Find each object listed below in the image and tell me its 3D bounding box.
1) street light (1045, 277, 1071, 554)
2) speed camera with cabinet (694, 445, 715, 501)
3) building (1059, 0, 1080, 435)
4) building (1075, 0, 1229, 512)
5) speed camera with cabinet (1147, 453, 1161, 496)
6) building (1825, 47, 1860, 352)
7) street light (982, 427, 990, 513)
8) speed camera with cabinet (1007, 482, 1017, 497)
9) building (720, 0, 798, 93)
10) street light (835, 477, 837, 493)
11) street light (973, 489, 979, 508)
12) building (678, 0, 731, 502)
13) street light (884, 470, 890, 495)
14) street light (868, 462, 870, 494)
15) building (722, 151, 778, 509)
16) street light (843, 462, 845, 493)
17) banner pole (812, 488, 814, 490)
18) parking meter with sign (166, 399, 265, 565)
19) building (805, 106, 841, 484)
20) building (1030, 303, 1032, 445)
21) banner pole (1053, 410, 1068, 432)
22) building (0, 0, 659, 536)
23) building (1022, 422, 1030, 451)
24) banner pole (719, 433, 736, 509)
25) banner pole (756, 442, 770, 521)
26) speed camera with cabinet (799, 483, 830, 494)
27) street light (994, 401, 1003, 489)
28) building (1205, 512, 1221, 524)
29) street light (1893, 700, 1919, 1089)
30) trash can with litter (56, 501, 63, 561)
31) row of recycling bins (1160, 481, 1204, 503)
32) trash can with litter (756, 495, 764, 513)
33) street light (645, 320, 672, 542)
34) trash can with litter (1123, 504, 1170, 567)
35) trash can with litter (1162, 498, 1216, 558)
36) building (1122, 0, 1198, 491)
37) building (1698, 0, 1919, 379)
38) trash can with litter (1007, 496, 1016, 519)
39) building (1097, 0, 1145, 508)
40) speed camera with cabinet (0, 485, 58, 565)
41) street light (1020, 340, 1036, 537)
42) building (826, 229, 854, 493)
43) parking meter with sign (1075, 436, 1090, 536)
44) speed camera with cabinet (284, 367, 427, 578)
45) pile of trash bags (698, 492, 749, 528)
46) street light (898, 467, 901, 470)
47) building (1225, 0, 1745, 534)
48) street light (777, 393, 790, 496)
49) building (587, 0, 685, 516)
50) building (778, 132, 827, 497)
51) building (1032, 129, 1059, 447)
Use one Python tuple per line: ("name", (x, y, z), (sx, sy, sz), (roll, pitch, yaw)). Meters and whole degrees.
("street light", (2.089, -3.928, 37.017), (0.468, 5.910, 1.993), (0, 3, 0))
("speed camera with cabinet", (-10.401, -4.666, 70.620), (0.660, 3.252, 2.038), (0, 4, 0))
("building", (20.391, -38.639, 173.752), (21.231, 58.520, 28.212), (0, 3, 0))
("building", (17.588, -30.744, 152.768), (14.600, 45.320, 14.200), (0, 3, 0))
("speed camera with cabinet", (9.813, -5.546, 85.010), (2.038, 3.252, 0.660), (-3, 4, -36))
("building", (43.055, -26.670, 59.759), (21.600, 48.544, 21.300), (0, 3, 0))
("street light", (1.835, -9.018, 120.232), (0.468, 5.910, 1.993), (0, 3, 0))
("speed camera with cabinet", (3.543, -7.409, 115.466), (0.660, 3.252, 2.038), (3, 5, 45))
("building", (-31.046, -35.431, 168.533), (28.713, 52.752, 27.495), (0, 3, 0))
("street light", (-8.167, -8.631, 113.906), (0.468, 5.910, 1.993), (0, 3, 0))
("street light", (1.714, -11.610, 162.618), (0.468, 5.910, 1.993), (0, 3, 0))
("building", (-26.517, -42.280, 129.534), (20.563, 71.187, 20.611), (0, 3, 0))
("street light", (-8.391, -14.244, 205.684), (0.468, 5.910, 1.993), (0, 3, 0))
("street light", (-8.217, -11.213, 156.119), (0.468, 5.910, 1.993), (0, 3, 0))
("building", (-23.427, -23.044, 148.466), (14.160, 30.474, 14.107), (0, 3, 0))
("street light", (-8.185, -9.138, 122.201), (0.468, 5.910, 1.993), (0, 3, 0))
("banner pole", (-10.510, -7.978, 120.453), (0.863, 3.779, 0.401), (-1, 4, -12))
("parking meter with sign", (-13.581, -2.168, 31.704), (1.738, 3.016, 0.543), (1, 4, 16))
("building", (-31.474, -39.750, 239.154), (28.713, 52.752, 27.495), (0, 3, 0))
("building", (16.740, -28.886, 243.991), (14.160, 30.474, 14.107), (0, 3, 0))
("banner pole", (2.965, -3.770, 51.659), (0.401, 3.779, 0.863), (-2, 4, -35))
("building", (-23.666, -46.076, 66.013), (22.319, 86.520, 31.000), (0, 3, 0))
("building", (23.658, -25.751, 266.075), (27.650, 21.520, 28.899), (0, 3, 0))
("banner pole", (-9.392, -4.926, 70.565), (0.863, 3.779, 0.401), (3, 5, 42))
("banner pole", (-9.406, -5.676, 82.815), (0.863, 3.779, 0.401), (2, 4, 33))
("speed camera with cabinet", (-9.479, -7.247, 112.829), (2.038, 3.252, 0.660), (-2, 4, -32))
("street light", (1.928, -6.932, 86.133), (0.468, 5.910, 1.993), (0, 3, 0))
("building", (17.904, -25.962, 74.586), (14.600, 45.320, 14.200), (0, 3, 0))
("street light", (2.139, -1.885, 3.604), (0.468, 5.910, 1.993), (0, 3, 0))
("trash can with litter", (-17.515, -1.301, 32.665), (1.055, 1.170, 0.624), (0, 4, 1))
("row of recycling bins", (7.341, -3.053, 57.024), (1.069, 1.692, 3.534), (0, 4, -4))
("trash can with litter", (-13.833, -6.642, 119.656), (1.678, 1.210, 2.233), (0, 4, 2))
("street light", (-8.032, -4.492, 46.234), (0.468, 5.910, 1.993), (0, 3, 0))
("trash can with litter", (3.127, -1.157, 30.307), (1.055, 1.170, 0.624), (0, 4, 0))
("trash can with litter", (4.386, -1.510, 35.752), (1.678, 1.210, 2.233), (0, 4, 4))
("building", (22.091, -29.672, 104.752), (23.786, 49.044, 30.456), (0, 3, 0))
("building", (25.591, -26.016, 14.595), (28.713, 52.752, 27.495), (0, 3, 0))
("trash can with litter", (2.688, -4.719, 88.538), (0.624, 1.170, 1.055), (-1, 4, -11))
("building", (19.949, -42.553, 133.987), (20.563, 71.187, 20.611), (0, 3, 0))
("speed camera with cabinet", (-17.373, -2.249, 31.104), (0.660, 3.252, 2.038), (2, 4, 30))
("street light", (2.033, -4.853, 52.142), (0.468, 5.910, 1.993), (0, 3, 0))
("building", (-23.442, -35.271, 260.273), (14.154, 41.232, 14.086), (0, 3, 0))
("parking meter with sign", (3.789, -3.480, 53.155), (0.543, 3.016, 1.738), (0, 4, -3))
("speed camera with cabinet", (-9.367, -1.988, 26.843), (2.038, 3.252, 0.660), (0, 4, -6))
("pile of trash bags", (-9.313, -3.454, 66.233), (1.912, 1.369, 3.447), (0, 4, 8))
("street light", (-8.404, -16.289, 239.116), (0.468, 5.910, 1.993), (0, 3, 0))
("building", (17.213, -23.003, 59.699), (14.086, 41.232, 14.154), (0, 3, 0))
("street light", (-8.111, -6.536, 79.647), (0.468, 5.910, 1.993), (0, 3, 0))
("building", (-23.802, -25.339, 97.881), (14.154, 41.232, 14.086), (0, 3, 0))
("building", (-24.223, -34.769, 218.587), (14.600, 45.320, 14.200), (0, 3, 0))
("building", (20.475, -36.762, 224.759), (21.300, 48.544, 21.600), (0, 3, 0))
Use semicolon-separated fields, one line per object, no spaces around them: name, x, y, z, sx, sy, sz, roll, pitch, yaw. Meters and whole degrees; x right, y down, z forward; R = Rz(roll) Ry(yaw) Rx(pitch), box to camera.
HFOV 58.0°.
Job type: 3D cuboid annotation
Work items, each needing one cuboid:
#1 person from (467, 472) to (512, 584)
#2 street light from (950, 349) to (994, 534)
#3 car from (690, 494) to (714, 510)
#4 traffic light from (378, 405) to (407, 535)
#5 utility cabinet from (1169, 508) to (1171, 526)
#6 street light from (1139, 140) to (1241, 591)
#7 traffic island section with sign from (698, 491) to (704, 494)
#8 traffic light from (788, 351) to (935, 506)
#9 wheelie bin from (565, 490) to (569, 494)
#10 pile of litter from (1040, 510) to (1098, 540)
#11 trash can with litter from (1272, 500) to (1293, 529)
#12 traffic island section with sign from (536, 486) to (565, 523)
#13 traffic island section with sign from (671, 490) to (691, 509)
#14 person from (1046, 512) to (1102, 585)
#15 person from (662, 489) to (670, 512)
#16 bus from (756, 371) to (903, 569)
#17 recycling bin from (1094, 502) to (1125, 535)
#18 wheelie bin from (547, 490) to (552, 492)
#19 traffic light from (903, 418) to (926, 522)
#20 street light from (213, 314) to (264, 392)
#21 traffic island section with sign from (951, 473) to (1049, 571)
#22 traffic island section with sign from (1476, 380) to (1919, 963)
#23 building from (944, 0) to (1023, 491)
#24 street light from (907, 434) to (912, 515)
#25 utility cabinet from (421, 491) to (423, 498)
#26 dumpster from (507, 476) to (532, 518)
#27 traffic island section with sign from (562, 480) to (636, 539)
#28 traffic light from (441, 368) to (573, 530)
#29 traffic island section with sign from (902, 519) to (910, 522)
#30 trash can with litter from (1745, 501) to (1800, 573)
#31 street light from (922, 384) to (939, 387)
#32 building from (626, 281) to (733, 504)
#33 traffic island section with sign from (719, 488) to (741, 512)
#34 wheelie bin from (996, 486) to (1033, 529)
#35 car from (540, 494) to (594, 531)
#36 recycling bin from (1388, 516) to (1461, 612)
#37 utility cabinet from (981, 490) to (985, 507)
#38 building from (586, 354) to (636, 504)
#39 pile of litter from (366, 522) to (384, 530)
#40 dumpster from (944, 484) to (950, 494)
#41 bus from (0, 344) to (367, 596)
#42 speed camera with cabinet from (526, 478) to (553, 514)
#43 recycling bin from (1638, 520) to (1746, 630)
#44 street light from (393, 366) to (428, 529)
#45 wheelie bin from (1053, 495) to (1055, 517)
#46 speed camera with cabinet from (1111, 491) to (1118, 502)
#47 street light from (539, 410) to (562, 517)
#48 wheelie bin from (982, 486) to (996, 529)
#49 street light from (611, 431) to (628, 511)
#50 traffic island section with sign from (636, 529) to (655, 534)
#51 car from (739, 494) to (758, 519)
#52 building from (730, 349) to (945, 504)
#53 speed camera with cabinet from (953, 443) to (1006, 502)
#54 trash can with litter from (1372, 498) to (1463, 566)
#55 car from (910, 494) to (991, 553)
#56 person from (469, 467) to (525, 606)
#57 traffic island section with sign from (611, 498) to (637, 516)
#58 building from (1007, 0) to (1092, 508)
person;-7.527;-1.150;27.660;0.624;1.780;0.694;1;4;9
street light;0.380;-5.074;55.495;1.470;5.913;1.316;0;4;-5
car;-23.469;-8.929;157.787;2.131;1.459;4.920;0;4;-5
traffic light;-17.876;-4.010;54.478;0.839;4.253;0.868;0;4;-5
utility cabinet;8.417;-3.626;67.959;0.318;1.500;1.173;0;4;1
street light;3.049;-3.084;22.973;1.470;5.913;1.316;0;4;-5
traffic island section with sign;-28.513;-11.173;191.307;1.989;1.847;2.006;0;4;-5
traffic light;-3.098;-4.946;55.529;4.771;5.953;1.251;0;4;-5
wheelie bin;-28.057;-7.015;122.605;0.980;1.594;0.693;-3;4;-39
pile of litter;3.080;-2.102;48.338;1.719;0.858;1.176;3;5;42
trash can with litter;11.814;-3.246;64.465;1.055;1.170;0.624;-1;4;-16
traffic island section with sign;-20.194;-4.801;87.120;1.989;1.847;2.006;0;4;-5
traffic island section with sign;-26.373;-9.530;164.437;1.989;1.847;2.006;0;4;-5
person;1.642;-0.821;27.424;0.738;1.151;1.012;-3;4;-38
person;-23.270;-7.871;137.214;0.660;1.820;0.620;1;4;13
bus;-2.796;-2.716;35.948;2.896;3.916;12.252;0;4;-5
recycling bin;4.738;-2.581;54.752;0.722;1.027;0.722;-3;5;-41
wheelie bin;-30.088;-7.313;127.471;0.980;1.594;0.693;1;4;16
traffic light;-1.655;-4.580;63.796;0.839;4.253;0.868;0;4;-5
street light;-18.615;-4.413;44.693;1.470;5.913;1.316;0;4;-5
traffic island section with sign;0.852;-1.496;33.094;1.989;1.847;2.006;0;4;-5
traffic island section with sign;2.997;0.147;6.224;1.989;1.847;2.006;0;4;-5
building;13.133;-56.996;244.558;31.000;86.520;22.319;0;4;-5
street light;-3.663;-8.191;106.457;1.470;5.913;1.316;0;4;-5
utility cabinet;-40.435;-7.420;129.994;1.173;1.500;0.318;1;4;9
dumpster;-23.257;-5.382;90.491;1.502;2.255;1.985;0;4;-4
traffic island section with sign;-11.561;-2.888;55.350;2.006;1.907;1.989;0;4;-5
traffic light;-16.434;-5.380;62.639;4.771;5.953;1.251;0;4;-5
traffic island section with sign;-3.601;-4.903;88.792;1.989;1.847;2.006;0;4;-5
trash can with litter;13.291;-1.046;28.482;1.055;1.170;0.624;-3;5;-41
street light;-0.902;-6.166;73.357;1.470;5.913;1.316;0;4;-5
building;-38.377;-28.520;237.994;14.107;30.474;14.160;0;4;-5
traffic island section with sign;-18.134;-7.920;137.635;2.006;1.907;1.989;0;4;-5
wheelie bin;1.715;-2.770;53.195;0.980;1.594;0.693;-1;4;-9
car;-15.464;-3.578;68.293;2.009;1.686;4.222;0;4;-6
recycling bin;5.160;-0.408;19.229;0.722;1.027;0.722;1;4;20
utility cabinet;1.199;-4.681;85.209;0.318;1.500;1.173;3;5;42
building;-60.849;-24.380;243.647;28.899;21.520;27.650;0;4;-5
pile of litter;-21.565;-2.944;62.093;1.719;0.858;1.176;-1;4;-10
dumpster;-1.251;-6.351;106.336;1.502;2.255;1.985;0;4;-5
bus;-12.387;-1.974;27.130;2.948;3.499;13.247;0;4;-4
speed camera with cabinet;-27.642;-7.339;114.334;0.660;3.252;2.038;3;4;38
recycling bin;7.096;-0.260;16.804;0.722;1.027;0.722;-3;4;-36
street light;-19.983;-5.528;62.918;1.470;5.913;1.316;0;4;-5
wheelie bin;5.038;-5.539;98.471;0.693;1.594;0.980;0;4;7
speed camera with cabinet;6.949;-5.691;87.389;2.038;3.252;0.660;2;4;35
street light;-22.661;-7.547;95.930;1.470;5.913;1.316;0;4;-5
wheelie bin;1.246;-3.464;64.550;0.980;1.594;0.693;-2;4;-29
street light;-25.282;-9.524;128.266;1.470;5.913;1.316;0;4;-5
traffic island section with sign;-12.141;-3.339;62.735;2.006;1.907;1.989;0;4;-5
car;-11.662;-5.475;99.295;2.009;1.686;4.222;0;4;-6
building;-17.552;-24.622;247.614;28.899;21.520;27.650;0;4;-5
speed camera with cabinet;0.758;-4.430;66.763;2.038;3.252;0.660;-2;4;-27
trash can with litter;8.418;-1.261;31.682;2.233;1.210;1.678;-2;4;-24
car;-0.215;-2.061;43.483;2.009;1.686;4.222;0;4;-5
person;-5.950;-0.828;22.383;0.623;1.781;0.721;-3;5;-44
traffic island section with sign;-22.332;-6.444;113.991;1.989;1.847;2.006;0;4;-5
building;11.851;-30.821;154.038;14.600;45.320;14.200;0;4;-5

■ ■ ■ ■ ■

Instructions to follow: Which lines above run from the one containing "#41 bus from (0, 344) to (367, 596)" to the one containing "#57 traffic island"? Give them again exactly, both ends included.

Result:
#41 bus from (0, 344) to (367, 596)
#42 speed camera with cabinet from (526, 478) to (553, 514)
#43 recycling bin from (1638, 520) to (1746, 630)
#44 street light from (393, 366) to (428, 529)
#45 wheelie bin from (1053, 495) to (1055, 517)
#46 speed camera with cabinet from (1111, 491) to (1118, 502)
#47 street light from (539, 410) to (562, 517)
#48 wheelie bin from (982, 486) to (996, 529)
#49 street light from (611, 431) to (628, 511)
#50 traffic island section with sign from (636, 529) to (655, 534)
#51 car from (739, 494) to (758, 519)
#52 building from (730, 349) to (945, 504)
#53 speed camera with cabinet from (953, 443) to (1006, 502)
#54 trash can with litter from (1372, 498) to (1463, 566)
#55 car from (910, 494) to (991, 553)
#56 person from (469, 467) to (525, 606)
#57 traffic island section with sign from (611, 498) to (637, 516)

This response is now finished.